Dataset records
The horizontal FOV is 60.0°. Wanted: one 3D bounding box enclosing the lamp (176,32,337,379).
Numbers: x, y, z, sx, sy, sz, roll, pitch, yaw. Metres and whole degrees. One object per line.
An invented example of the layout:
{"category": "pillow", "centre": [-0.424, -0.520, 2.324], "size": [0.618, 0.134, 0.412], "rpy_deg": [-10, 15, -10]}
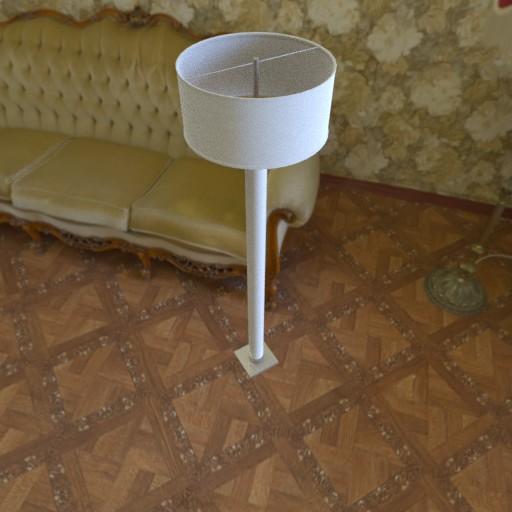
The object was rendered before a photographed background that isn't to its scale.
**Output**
{"category": "lamp", "centre": [0.000, 0.000, 1.679], "size": [0.420, 1.475, 0.420], "rpy_deg": [-23, 50, -21]}
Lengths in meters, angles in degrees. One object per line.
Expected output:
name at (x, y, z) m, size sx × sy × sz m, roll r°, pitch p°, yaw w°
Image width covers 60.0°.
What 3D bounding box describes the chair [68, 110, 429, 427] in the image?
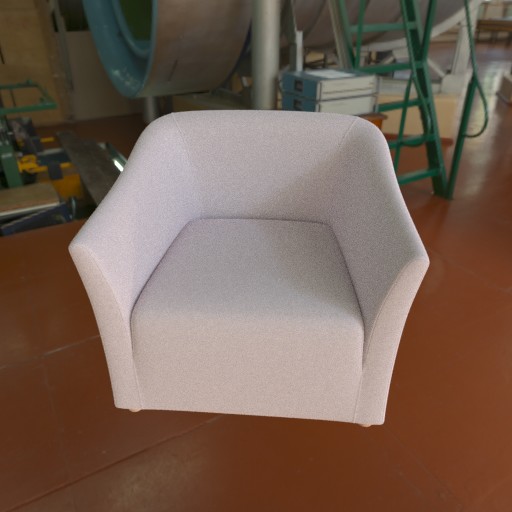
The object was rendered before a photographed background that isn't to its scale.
chair at (0.000, 0.000, 1.351) m, size 0.790 × 0.720 × 0.700 m, roll 2°, pitch 31°, yaw 4°
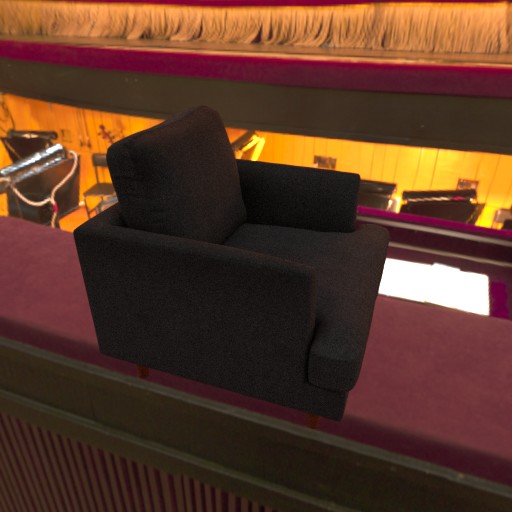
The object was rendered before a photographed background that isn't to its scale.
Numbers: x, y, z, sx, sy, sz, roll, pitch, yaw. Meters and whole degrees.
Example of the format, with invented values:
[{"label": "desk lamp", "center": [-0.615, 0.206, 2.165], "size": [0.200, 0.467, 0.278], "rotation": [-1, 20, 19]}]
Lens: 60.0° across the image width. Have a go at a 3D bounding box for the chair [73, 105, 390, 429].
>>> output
[{"label": "chair", "center": [0.000, 0.000, 1.642], "size": [0.899, 0.957, 0.858], "rotation": [10, 31, 17]}]
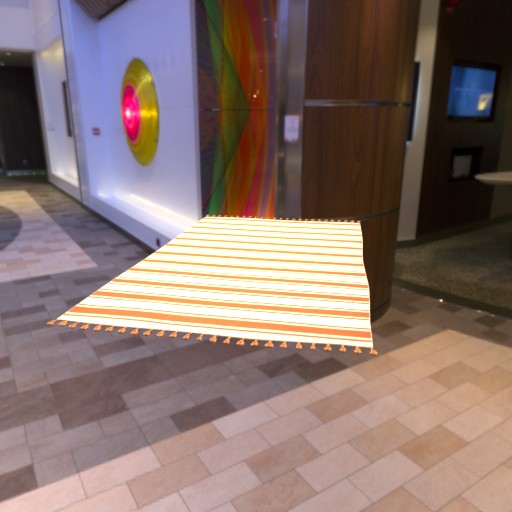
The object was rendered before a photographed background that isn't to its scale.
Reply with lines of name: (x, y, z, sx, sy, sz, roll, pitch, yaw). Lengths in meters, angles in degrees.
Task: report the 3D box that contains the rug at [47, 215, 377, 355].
rug: (0.000, 0.000, 2.554, 1.232, 0.017, 2.092, 3, 17, 11)
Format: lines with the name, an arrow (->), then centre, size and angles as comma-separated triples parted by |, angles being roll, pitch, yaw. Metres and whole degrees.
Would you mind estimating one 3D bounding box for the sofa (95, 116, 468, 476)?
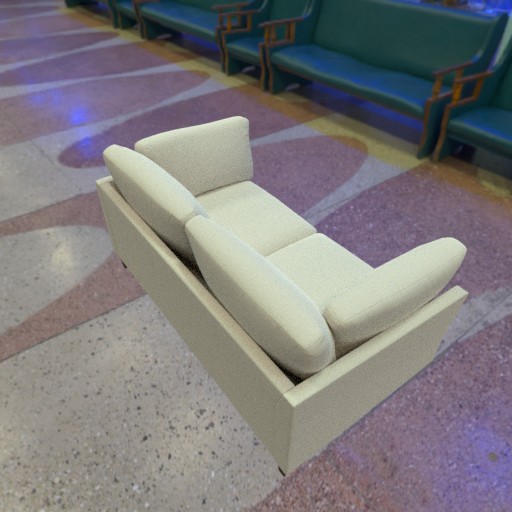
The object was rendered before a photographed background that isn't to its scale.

WHAT IS REQUIRED.
Print the records exactly and omit all pictures.

SOLVED PROBLEM.
The horizontal FOV is 60.0°. Wanted: one 3D bounding box enclosing the lamp (176,32,337,379).
Numbers: x, y, z, sx, sy, sz, roll, pitch, yaw. Metres and whole degrees. One object per line.
An invented example of the layout:
{"category": "pillow", "centre": [-0.424, -0.520, 2.324], "size": [0.618, 0.134, 0.412], "rpy_deg": [-10, 15, -10]}
The object was rendered before a photographed background that isn't to its scale.
**Output**
{"category": "lamp", "centre": [0.000, 0.000, 1.679], "size": [0.420, 1.475, 0.420], "rpy_deg": [-23, 50, -21]}
Lengths in meters, angles in degrees. One object per line.
Expected output:
name at (x, y, z) m, size sx × sy × sz m, roll r°, pitch p°, yaw w°
Image width covers 60.0°.
What 3D bounding box describes the chair [68, 110, 429, 427] in the image?
The object was rendered before a photographed background that isn't to its scale.
chair at (0.000, 0.000, 1.351) m, size 0.790 × 0.720 × 0.700 m, roll 2°, pitch 31°, yaw 4°
The object was rendered before a photographed background that isn't to its scale.
Numbers: x, y, z, sx, sy, sz, roll, pitch, yaw. Meters and whole degrees.
Example of the format, with invented values:
[{"label": "desk lamp", "center": [-0.615, 0.206, 2.165], "size": [0.200, 0.467, 0.278], "rotation": [-1, 20, 19]}]
Lens: 60.0° across the image width. Have a go at a 3D bounding box for the chair [73, 105, 390, 429].
>>> output
[{"label": "chair", "center": [0.000, 0.000, 1.642], "size": [0.899, 0.957, 0.858], "rotation": [10, 31, 17]}]
The object was rendered before a photographed background that isn't to its scale.
Reply with lines of name: (x, y, z, sx, sy, sz, roll, pitch, yaw). Lengths in meters, angles in degrees.
Task: report the 3D box that contains the rug at [47, 215, 377, 355].
rug: (0.000, 0.000, 2.554, 1.232, 0.017, 2.092, 3, 17, 11)
Format: lines with the name, an arrow (->), then centre, size and angles as comma-separated triples parted by |, angles being roll, pitch, yaw. Metres and whole degrees.
Would you mind estimating one 3D bounding box for the sofa (95, 116, 468, 476)?
The object was rendered before a photographed background that isn't to its scale.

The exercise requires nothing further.